106.3 Explain what is meant by 'need to know'.
A determination by an authorized holder of classified information that access to specific classified material in their possession is required by another person to perform a specific and authorized function to carry out a national task. Knowledge, possession of, or access to classified information is not provided to any individual solely by virtue of the individual's office, rank, position, or clearance eligibility.
106.16 Explain and state the purpose of an EAP.
A plan for the protection of classified information in case of a natural disaster or civil disturbance. This plan may be prepared in conjunction with the command's disaster preparedness plan. Emergency plans provide for the protection of classified information in a way that will minimize the risk of personal injury or loss of life.
106.38 Discuss the security rules and procedures for magnetic and electronic media.
All such devices bearing classified information must be conspicuously marked with the highest level of classification stored on the device and any special control notices that apply to the information.
106.11 State the purpose of the DCS.
Defense Courier Service - establishes, staffs, operates, and maintains an international network of couriers and courier stations for expeditious, cost effective, and secure transmission of qualified classified documents and material.
106.35 Explain and state the responsibilities of DONCAF.

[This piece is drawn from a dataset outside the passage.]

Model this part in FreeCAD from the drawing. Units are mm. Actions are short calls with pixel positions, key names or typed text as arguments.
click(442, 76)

Department of the Navy Central Adjudication Facility (DONCAF) - responsible for determining who within the Department of the Navy is eligible to hold a security clearance, to have access to Sensitive Compartmented Information (SCI), or to be assigned to sensitive duties.
106.10 State the responsibilities of the DDA.

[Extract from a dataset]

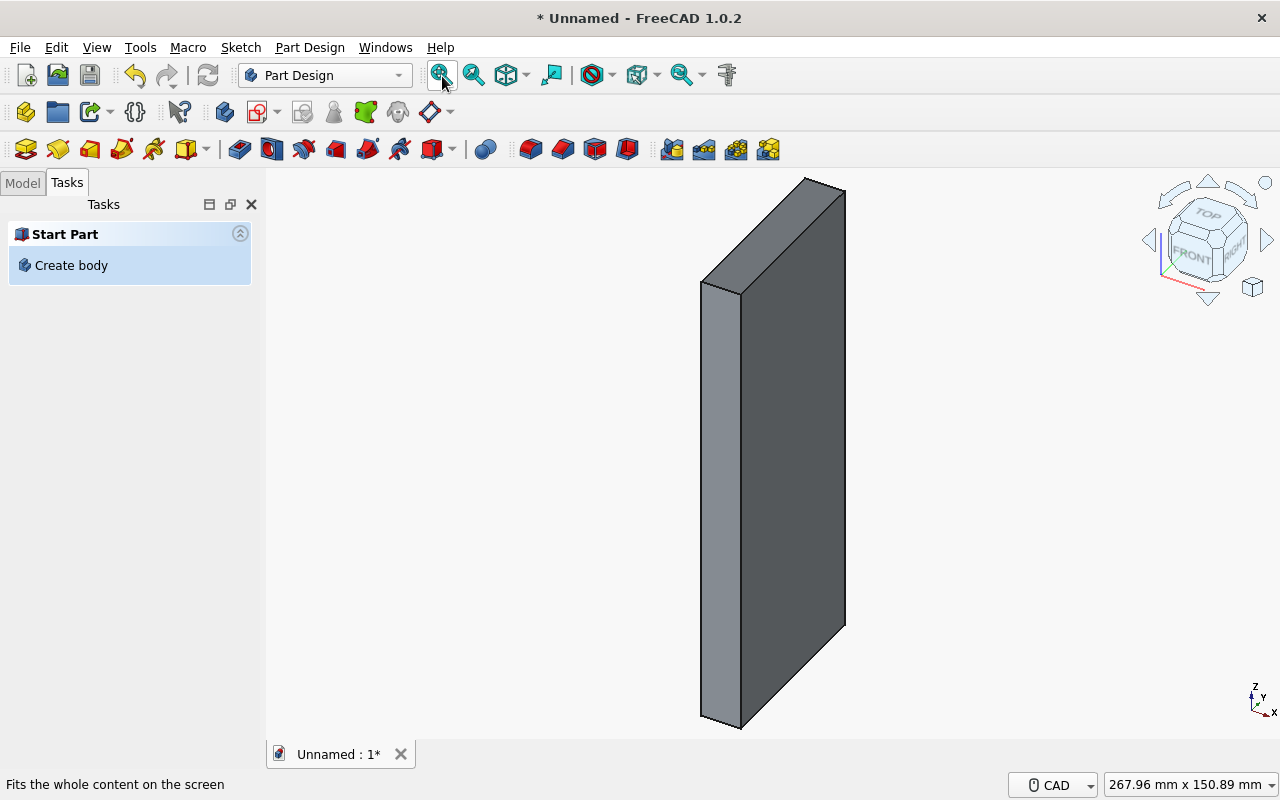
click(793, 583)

Designated Disclosure Authority (DDA) - appointed at each such command, agency, or staff element to oversee foreign disclosure activities. The DDA has the authority and responsibility to control disclosures of CMI and CUI to foreign governments and international organizations and their representatives or persons sponsored by them.
106.39 Explain why the U.S. Navy only uses ".mil" email addresses on government systems.
DoD has exclusive use of the .mil top-level domain (TLD). Provides for increased security.
106.27 Discuss the procedures for sanitizing an area.
Equipment - two-step process that includes removing data from the media and removing all classified labels, markings, and activity logs. Spaces - removing all classified material from view (placing in vaults, drawers, etc.) in order to not be visible by un-cleared personnel.
106.19 Explain how, and in what order, material is destroyed during Emergency Destruction.
How - any reasonable means available (burning, shredding, smashing, degaussing magnets, jettison, etc). Desctruction Order: Priority One - All cryptographic equipment and documents. Priority Two - All operational SCI codeword material which might divulge targets and successes, documents dealing with US SCI activities and documents concerning compartmented projects and other sensitive intelligence materials and all TOP SECRET collateral. Priority Three - Less sensitive administrative SCI material and collateral classified material not included above.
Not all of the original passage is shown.